DATASET CONTENT Block Start
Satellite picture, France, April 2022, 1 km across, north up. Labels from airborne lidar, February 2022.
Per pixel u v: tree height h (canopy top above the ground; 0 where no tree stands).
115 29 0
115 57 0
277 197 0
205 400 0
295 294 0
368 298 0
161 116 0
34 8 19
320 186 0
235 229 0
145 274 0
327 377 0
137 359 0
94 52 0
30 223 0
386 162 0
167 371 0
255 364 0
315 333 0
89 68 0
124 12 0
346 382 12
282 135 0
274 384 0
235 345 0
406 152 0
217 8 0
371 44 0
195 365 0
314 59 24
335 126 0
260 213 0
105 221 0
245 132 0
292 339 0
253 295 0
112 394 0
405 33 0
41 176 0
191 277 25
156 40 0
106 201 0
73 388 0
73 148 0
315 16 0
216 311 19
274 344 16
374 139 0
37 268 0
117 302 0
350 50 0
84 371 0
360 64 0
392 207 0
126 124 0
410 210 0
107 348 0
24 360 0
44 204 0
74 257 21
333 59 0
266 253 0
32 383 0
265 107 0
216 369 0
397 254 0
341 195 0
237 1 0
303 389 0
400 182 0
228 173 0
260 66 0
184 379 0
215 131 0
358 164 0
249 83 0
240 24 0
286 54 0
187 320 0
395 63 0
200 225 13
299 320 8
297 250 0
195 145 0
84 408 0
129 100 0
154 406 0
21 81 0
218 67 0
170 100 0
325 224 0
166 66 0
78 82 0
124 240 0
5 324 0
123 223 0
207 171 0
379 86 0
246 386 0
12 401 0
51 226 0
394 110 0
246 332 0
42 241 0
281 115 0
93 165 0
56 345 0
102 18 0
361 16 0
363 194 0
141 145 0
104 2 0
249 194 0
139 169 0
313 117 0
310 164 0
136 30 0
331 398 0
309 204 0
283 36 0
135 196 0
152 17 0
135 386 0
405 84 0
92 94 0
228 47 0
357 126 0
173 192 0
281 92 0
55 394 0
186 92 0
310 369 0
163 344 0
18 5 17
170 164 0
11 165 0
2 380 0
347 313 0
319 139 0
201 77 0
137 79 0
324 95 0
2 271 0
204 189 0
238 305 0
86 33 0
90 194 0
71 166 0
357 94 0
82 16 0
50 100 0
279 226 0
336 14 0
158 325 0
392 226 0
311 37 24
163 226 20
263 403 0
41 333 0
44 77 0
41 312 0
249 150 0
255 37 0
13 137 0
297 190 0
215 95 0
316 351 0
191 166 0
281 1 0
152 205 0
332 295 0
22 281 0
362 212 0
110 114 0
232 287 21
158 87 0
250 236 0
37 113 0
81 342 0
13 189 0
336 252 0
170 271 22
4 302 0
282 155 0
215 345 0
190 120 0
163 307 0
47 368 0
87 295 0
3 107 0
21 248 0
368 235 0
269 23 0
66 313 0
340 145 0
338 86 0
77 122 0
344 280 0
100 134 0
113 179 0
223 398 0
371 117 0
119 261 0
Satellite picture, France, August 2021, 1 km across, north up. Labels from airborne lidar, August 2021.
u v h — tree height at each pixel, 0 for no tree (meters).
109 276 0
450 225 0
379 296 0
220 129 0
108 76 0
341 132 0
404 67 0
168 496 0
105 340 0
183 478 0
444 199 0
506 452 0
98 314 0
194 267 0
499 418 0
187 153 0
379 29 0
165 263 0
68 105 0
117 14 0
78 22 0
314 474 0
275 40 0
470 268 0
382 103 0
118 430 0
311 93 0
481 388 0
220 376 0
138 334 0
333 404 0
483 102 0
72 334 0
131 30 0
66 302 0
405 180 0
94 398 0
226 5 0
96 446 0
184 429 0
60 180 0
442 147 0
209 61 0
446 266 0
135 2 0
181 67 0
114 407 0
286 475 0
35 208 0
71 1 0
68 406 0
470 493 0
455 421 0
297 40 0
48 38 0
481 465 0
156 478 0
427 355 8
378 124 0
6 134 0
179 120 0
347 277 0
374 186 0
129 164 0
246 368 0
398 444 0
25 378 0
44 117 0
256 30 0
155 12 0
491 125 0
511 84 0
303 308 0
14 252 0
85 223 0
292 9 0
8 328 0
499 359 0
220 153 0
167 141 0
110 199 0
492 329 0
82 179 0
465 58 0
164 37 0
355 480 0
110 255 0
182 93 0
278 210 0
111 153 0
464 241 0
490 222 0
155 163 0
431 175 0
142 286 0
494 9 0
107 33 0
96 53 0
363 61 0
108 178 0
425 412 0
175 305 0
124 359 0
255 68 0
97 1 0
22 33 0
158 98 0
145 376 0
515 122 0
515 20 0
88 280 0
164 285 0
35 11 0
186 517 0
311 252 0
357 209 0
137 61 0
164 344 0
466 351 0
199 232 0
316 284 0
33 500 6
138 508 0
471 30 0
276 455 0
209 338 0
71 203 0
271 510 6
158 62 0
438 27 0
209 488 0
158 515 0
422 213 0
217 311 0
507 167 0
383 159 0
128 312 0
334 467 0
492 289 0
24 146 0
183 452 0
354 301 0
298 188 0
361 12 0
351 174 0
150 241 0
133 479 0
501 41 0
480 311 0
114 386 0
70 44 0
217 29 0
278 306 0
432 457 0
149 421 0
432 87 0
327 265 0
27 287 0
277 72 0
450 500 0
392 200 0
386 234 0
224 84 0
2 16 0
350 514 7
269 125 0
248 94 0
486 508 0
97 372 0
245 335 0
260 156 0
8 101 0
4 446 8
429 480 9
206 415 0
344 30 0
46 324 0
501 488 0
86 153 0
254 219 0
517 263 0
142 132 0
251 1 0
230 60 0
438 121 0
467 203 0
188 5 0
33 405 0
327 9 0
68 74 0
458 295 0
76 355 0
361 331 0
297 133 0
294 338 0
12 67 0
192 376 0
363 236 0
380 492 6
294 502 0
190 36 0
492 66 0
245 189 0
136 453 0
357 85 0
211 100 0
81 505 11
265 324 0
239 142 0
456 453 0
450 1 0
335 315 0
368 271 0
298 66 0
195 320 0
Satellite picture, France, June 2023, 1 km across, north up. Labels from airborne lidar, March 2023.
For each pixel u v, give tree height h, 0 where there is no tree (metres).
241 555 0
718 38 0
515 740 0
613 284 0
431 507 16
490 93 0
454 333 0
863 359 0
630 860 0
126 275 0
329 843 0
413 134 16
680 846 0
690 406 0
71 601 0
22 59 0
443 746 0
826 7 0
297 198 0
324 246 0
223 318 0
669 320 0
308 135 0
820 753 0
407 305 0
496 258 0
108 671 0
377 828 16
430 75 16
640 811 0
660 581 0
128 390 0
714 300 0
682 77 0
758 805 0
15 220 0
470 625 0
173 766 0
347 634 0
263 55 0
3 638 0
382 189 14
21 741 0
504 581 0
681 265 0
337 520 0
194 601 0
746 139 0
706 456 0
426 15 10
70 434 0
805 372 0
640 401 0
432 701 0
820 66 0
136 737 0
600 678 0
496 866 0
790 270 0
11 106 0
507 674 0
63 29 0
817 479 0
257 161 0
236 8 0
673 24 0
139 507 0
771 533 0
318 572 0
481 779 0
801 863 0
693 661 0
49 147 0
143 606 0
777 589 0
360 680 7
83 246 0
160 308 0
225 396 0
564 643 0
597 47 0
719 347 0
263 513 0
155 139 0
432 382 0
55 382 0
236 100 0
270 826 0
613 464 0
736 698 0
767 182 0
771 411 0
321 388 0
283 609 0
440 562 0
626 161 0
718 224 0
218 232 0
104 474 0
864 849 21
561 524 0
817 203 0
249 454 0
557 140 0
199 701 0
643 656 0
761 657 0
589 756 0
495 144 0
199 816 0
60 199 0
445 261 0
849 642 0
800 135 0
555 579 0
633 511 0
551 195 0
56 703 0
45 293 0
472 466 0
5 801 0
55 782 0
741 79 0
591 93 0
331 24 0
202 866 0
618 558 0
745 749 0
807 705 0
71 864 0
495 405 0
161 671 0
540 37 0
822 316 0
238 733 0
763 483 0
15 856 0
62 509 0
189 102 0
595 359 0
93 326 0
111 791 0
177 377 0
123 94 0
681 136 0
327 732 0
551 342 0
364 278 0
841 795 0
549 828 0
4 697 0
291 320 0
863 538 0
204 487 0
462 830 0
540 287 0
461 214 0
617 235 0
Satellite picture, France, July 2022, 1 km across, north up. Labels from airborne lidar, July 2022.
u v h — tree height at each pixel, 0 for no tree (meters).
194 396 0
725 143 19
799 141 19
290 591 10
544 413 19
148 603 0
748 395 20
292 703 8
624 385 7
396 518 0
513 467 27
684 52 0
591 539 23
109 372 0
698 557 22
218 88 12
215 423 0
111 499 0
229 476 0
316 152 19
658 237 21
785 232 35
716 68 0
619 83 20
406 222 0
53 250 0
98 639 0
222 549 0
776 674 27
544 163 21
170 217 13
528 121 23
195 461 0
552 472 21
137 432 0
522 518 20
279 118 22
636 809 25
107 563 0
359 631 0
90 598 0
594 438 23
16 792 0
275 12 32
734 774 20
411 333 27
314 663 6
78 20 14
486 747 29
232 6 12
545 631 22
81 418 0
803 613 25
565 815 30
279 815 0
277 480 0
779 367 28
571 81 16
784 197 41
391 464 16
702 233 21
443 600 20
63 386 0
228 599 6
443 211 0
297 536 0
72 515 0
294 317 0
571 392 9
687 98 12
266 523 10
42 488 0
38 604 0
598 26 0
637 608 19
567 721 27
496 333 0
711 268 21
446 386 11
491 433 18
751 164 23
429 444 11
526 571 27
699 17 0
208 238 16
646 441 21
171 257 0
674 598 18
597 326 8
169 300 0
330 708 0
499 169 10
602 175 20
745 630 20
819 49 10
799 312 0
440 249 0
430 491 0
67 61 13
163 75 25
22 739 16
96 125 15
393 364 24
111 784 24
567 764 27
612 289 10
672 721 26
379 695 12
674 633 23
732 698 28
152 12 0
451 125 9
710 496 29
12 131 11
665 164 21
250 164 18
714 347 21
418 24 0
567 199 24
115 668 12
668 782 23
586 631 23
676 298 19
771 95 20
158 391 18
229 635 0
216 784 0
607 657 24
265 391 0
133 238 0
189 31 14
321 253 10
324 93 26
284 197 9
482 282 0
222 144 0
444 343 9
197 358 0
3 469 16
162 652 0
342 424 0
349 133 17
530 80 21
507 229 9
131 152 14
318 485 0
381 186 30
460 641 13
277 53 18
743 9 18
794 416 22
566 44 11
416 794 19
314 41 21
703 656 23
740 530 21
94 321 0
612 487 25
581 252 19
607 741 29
DATASET CONTENT Block End
> _TASK TO COMPLETE_: For the word "Satellite", work out how many lines of the entries contain it, and state the number alone.

> _SOLUTION FOR THIS PROBLEM_: 4